■ **Problem to work on**
Go through the material under this sentence. Return every line holding "INCLUDING".

■ **Material supplied**
════════════════════
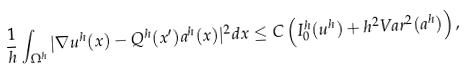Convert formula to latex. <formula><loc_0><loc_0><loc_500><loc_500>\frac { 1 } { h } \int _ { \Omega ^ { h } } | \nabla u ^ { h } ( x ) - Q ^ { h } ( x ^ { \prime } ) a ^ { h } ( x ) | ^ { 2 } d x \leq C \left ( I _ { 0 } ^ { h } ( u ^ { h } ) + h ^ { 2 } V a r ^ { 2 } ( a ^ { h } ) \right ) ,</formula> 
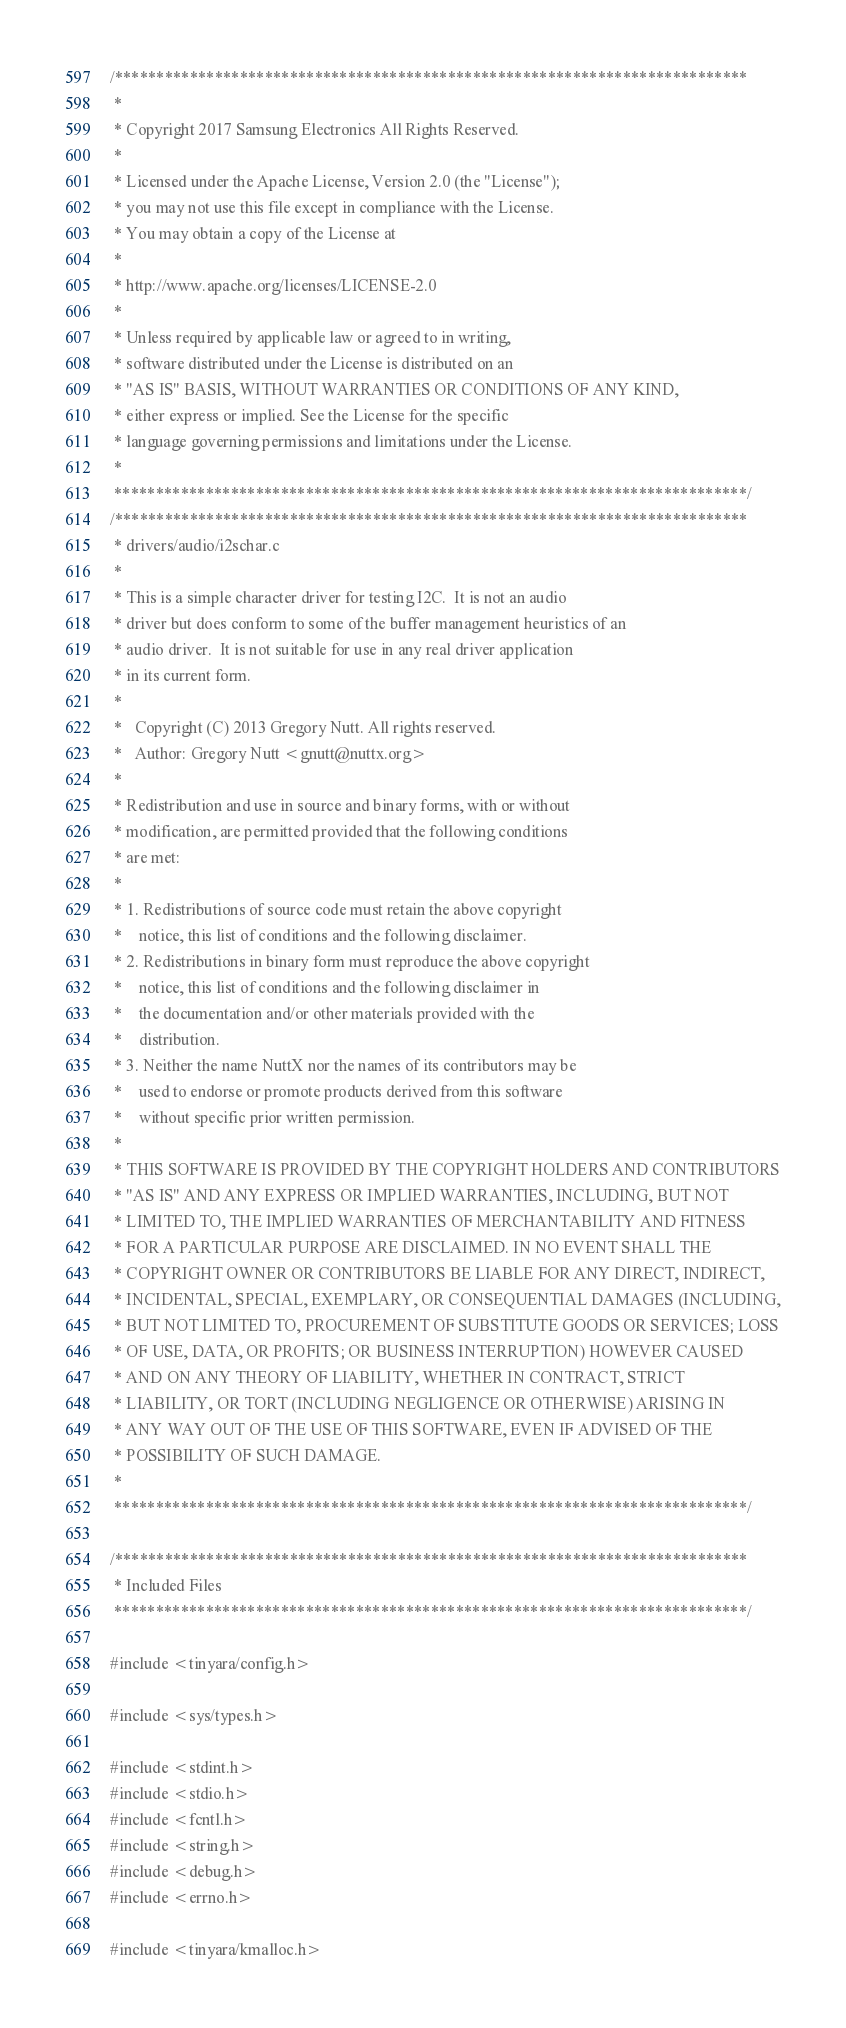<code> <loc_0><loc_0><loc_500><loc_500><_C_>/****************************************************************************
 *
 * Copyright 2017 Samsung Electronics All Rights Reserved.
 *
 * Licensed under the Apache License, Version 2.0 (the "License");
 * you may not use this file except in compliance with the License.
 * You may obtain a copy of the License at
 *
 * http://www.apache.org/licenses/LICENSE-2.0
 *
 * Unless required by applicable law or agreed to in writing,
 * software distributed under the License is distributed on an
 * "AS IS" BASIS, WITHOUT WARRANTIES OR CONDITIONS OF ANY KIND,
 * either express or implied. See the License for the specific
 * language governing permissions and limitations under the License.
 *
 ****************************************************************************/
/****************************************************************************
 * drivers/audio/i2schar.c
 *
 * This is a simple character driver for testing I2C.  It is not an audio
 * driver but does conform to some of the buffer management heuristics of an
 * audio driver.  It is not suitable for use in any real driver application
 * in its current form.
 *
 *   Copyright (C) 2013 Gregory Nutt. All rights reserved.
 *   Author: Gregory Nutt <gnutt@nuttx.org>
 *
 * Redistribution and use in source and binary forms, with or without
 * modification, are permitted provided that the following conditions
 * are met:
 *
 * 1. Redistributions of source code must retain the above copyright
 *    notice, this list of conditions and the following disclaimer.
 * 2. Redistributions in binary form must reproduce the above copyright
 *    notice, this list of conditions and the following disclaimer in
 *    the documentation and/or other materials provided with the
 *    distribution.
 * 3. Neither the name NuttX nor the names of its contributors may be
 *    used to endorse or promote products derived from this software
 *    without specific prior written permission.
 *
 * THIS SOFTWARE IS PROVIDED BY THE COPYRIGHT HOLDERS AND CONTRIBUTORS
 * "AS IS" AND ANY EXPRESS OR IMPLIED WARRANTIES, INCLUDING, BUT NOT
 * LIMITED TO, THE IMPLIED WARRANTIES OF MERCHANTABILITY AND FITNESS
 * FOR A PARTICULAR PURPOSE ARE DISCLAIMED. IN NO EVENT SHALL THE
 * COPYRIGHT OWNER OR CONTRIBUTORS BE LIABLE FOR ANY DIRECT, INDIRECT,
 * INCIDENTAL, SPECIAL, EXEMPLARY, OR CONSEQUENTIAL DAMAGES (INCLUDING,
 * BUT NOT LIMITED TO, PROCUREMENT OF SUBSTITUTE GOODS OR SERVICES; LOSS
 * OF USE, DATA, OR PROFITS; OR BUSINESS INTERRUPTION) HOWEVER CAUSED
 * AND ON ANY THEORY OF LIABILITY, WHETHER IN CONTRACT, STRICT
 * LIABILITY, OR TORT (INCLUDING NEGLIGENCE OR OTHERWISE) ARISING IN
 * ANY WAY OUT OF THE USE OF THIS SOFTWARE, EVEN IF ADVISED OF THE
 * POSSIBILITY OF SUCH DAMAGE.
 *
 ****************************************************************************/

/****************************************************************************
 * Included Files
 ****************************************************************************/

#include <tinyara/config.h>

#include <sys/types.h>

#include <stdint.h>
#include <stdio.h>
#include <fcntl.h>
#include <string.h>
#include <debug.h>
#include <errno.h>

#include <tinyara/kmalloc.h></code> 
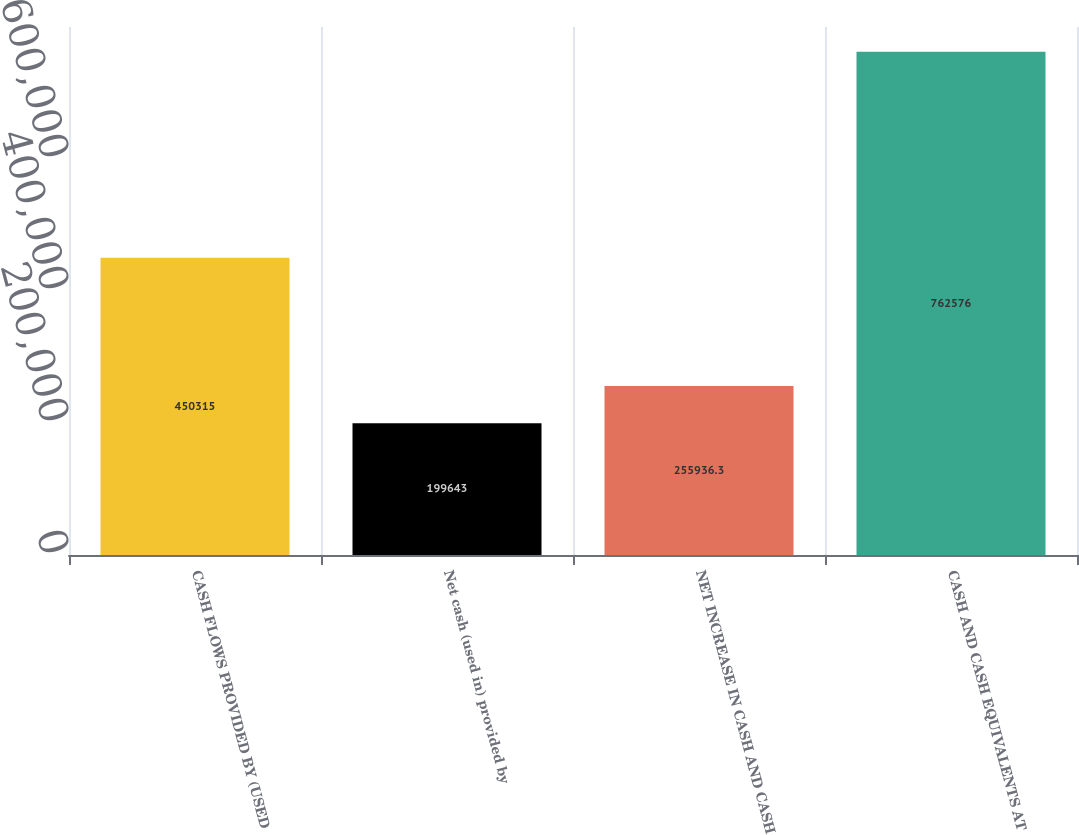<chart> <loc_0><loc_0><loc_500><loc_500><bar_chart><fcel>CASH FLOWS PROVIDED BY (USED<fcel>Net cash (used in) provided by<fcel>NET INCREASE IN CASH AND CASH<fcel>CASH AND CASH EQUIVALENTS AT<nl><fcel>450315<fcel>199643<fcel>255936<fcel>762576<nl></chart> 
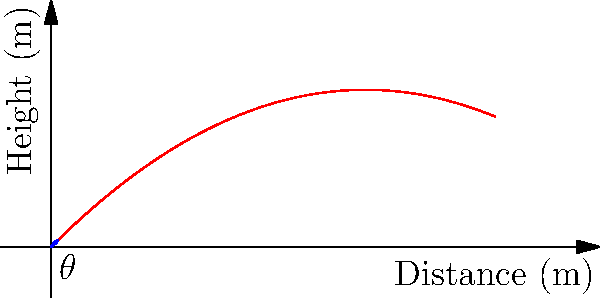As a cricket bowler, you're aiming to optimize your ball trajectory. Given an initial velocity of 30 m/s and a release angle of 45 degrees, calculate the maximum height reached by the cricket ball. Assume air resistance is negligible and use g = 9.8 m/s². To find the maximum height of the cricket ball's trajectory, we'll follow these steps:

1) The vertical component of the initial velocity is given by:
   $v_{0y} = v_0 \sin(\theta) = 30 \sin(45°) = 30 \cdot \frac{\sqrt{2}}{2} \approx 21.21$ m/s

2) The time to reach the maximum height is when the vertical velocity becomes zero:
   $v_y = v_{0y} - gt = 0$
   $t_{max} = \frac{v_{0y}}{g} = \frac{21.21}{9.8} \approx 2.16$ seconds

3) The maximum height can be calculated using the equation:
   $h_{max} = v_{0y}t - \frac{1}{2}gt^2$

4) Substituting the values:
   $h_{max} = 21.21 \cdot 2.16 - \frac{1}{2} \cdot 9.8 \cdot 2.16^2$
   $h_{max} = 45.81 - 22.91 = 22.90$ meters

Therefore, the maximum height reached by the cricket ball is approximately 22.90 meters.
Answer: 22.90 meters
════════════════════
■ **Answer section**
 * "AS IS" AND ANY EXPRESS OR IMPLIED WARRANTIES, INCLUDING, BUT NOT
 * INCIDENTAL, SPECIAL, EXEMPLARY, OR CONSEQUENTIAL DAMAGES (INCLUDING,
 * LIABILITY, OR TORT (INCLUDING NEGLIGENCE OR OTHERWISE) ARISING IN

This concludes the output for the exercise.